Central banks should issue digital currencies of their own
Digitalisation has reshaped how we communicate, organise, interact, move and trade. It is now changing money. Mobile-phone based electronic payments are becoming just like cash: contactless, cheap and easy to make on a peer to peer basis, including across borders. Life without a bank account becomes possible, which helps financial inclusion in places with no banks and high mobile penetration.
Many companies are seeking to exploit the synergies between money and platforms in a digital economy. In China, Tencent and Ant Financial aggregate payments with social and commercial activities for millions of users. Facebook and 27 partners have announced plans for a Libra digital coin.
For governments and central banks, the digitalisation of money raises new challenges and the Bank for International Settlements warned this week that they are coming “sooner than we think”. First, physical cash may be disappearing as a medium of exchange. Trust in banks has depended on the perceived convertibility of deposits to cash. In a cashless society, there would be no direct access by citizens to sovereign money. Deposits would no longer be convertible with possible detrimental effects on financial stability.

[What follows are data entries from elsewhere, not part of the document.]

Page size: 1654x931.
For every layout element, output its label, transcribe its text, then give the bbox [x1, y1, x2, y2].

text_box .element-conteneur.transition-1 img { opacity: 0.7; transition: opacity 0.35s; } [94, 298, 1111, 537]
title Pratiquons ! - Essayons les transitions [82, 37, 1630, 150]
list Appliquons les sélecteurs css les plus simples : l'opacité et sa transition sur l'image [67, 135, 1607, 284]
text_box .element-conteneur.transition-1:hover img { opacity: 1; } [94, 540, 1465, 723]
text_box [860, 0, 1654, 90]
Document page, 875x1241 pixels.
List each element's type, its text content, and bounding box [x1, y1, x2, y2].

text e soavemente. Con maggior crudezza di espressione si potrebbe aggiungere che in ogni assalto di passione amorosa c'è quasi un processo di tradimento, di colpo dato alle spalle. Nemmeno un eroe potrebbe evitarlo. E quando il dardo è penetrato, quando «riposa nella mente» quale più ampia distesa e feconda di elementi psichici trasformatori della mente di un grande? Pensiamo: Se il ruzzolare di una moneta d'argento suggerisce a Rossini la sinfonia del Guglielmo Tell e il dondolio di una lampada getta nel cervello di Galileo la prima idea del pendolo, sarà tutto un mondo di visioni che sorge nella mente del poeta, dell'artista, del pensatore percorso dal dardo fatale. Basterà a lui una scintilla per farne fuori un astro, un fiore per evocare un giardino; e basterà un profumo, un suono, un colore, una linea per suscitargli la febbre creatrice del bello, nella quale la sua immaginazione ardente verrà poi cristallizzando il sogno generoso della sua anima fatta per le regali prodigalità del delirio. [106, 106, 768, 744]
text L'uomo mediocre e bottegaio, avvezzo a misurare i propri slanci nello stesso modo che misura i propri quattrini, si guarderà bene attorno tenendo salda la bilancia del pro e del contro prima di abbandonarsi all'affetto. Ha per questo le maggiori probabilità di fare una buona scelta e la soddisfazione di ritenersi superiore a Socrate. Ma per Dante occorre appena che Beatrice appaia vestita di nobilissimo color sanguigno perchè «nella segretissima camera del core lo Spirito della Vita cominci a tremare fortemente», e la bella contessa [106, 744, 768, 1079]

Second, the monetary system may become more fragmented. The economic logic of networks and platforms means they have an incentive to maximise user numbers and a tendency to evolve into closed systems. They may create “digital currency areas” where participants are kept together because they share and exchange the same type of digital money.
Third, because digital money is naturally cross-border, it opens the way to new forms of currency competition, from Libra among others. Some governments may try to use digital payment networks to internationalise their currencies, while others will face a risk of “digital dollarisation” through the penetration of foreign currencies in their domestic economy. This has the potential to significantly reshape the international monetary system.